As Mark Schmitt writes in the June issue of the American Prospect, Republicans are beating the patriotism drum not just because it's the season of barbecues and fireworks, but because, having failed to govern in a sensible manner over the last eight years, appeals to nationalism are all they have left. Therefore, writes Schmitt, McCain is being "recast entirely in terms of his biography, his honor, his character, his American-ness."

He's not the only one being recast. Obama, having concluded that he can't simply ignore the insinuations about his lack of patriotism, spent July 4 in Butte, Montana, watching a parade with his family and waving a tiny American flag. (See Black Friday by Adrian Ryan.)

Obama also answered a request from Parade magazine, a Sunday newspaper insert not normally considered an arbiter of fitness for the presidency, that he explain what patriotism means to him. Yes, it's come to this.
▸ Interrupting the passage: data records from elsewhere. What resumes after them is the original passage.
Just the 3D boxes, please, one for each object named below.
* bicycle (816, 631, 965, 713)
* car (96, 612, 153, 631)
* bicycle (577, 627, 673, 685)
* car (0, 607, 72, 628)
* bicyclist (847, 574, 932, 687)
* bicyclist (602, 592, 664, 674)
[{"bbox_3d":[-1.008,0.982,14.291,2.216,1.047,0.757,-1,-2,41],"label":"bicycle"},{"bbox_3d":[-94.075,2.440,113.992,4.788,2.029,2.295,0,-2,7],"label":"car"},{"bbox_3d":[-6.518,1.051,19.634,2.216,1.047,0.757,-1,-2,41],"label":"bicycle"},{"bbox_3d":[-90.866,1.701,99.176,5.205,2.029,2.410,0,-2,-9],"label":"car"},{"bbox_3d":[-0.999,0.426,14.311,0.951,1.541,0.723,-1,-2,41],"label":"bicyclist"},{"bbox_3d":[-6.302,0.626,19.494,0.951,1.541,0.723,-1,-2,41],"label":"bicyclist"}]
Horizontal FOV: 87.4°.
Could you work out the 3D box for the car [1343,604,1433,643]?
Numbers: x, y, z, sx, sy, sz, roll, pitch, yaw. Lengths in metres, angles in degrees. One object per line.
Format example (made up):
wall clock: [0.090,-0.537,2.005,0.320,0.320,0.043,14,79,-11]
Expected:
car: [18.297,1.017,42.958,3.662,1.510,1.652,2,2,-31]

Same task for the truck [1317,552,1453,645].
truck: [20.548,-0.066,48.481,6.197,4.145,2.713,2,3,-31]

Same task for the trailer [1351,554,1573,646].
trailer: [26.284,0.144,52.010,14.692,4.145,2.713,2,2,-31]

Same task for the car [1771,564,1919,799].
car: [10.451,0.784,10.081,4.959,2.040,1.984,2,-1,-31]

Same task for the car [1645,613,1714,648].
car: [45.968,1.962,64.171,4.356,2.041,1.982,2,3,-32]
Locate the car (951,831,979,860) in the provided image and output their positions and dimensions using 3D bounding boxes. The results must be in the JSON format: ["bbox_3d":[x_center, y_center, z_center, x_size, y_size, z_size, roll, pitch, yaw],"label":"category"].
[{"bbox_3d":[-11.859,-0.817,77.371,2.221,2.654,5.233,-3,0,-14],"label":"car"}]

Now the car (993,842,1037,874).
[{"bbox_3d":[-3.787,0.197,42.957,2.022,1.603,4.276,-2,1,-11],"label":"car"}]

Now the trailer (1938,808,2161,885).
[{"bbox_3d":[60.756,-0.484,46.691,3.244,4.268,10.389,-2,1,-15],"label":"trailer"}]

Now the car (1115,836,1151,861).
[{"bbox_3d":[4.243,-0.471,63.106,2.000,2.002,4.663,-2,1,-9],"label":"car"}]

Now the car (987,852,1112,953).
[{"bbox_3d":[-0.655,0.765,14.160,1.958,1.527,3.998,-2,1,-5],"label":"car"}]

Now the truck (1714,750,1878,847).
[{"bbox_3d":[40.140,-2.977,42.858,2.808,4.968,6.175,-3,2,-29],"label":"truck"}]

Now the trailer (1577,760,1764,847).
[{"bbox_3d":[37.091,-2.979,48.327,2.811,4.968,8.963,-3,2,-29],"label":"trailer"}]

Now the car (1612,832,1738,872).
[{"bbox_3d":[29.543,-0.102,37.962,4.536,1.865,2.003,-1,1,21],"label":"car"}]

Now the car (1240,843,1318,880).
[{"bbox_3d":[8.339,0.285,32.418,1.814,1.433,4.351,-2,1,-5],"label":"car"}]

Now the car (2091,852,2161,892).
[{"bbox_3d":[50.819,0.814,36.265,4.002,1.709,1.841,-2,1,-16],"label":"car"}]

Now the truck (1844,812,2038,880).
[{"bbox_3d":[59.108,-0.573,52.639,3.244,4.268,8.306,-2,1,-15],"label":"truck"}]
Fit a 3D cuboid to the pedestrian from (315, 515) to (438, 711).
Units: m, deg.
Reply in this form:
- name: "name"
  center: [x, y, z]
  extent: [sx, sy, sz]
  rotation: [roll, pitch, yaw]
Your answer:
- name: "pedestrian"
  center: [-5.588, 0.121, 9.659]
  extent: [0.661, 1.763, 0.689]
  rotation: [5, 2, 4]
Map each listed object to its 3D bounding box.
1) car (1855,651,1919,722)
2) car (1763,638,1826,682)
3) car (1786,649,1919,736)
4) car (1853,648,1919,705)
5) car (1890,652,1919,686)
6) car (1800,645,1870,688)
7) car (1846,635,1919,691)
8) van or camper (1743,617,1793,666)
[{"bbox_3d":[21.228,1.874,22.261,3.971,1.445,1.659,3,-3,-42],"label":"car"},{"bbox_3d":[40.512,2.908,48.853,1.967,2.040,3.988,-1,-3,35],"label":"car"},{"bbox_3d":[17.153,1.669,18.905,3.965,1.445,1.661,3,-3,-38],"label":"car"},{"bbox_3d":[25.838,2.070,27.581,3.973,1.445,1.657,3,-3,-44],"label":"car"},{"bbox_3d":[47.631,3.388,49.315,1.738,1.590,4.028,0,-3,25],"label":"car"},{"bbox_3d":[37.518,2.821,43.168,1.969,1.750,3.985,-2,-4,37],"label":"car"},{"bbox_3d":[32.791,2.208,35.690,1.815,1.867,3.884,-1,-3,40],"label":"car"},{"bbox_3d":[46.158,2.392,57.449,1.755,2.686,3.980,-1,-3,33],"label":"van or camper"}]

As it turned out, McCain answered the same call and, in doing so, ended up proving himself wrong about the relative powerlessness of words.

McCain's response was dry and didactic. Obama's was well-written and moving. "I remember my grandfather's funeral," Obama wrote. "As I listened to the rifles fire in salute and the long, solemn notes of taps... I thought about the country that my grandfather was so proud to serve—a country where we have the unparalleled freedom to pursue our dreams."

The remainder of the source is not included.